I would urge you to first read and review the material in those introductory courses on vectors and the ideal gas law. It would make for a much more productive discussion.

 

[Mike_bb]

In the US that would be called the introductory sequence of courses. It varies but I had 3 semesters of introductory physics (introduction to newtonian physics) plus one semester of modern physics. One could complete or not complete any one of the courses, with or without completing the entire sequence. That is what confused me when you said you had not completed the course.

I had 4 semesters. Mechanics and molecular physics, electromagnetism and waves, optics and atomic physics, quantum mechanics.

8 semesters would be equivalent to a bachelors degree here. After the 4-semester sequence one would complete the degree by taking 4 more semesters that would include courses in thermodynamics and statistical physics, mechanics, electromagnetism, and quantum mechanics.

Yes, 8 semesters in Russian universities would be equivalent to a bachelors as in USA.

Along with these physics courses one would also be taking math courses in calculus, differential equations, linear algebra, statistics, etc.

I had 4 semesters. Linear algebra, analytic geometry, vector calculus/vector algebra, differential calculus, integral calculus and series, multivariable calculus, differential equations, probability theory and statistics, theory of functions of a complex variable.

So again I ask you, what is you're trying to get out of this book? Because from the very beginning of this thread you have been asking questions about the distributions of velocity components of gas molecules. We answer, and then you ask questions that address those same issues. Repeatedly. We don't seem to be able to get through to you.

I would urge you to first read and review the material in those introductory courses on vectors and the ideal gas law. It would make for a much more productive discussion.
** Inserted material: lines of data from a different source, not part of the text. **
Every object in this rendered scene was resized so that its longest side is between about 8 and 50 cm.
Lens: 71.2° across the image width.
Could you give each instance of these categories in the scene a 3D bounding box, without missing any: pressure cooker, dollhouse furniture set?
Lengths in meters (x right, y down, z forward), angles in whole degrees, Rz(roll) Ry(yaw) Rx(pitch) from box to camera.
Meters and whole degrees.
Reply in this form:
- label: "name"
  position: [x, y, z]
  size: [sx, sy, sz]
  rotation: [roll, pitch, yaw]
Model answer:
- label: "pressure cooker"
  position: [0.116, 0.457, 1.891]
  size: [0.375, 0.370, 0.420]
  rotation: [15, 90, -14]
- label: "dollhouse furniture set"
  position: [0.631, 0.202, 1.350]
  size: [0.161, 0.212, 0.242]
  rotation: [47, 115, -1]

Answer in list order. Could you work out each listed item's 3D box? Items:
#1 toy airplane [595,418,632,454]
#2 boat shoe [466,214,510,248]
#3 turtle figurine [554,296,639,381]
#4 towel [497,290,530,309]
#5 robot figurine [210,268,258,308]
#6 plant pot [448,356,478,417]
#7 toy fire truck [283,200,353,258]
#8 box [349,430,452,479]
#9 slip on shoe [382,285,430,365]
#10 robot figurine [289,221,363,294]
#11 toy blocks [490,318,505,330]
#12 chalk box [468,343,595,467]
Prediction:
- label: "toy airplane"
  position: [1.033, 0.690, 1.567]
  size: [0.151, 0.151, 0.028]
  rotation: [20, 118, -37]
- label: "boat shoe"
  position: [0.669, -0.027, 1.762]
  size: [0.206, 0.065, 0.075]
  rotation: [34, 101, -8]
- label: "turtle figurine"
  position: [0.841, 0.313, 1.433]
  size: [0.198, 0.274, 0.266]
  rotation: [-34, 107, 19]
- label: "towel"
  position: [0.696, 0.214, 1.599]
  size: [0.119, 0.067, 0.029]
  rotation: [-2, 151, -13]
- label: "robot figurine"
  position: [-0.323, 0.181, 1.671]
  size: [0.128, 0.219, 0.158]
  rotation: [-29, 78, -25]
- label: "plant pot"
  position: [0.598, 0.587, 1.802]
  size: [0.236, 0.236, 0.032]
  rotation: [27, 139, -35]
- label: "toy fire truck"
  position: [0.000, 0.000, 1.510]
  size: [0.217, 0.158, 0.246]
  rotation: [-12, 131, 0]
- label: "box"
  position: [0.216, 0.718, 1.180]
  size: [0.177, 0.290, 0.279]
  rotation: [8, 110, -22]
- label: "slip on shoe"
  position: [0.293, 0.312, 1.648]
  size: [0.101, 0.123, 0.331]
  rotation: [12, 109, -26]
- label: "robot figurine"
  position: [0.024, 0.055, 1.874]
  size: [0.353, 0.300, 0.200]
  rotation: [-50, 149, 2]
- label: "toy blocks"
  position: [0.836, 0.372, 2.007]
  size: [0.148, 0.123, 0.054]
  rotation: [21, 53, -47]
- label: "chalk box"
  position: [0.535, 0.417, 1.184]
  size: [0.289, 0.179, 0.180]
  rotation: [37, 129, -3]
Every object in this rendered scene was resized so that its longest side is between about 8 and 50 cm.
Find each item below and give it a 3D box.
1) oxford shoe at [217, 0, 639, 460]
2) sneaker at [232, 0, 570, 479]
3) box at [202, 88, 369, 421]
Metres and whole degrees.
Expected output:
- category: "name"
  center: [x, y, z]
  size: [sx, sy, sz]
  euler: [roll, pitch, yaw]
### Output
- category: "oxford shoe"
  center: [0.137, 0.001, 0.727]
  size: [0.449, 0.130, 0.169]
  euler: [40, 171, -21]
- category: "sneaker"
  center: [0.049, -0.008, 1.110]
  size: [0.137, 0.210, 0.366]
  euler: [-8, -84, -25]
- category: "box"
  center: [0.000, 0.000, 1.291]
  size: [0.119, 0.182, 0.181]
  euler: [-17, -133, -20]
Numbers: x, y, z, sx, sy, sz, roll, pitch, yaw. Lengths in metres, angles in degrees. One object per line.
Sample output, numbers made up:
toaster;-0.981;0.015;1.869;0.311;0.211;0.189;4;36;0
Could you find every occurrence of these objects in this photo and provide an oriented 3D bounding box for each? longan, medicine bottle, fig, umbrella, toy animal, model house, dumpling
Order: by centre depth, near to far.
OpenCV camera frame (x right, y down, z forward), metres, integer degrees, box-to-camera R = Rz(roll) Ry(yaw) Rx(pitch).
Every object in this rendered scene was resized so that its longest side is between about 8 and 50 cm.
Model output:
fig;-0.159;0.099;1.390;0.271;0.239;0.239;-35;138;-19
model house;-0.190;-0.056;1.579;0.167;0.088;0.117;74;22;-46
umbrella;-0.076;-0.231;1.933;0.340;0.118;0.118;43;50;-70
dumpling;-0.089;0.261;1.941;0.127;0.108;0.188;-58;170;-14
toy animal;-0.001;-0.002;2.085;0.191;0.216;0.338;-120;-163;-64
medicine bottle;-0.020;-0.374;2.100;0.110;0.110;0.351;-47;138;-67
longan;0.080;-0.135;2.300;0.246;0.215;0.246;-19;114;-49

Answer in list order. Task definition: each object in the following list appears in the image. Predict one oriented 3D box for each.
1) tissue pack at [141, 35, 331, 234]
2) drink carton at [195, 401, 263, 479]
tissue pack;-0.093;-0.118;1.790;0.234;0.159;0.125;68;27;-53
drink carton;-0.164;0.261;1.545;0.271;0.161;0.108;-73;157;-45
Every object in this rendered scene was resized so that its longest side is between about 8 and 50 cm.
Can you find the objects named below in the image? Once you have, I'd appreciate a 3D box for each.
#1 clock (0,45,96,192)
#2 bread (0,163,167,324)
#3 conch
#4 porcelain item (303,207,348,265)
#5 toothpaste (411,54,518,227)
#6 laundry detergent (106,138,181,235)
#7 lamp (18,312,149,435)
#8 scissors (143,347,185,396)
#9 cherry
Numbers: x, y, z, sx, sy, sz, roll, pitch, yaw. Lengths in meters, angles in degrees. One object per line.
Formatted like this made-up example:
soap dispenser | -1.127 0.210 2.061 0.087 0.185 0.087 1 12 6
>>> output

I expected that you ask me about it. Physics was very difficult to me in university and as I mentioned above, after long break I don't remember many things. Not long ago I took my old school book to repeat and it was written there that $<V_x^2> = <V_y^2> = <V_z^2>$ because X-axis, Y-axis and Z-axis are equiprobable.
But I wanted to know in more details about this fact. That's all.

P.S. Now I fully (as it seems to me) understand that it's written in that book. I would like to thank you all for help, patience and feedback!

 

[jbriggs444]

Not long ago I took my old school book to repeat and it was written there that $<V_x^2> = <V_y^2> = <V_z^2>$ because X-axis, Y-axis and Z-axis are equiprobable.

It may be a language issue, but "equiprobable" is not the correct term to use.

If $V_x$ is a random variable then we could speak of the probability that $V_x$ falls within a particular range. We could speak of the probability that $V_y$ falls within the same range. Or $V_z$.

If the coordinate velocities are independent and identically distributed then those three events (that the random variables fall into a particular range) would be equiprobable. The converse does not hold.

The premise that the book should be using is that $V_x$, $V_y$ and $V_z$ are "independent and identically distributed". Not that they are "equiprobable". From that starting point, it is trivially true that any statistical measure (such as mean square) of one distribution will be identical to the same statistical measure of any other identical distribution.

This is all before we get into a discussion about the distinction between the expected value for a distribution and the mean of a particular sample.

 

[Herman Trivilino]

The premise that the book should be using is that Vx, Vy and Vz are "independent and identically distributed". Not that they are "equiprobable".

But the book is written in Russian, so it seems it hasn't been translated correctly?

Likely the translation algorithm is for everyday terminology, not technical jargon. Who knows?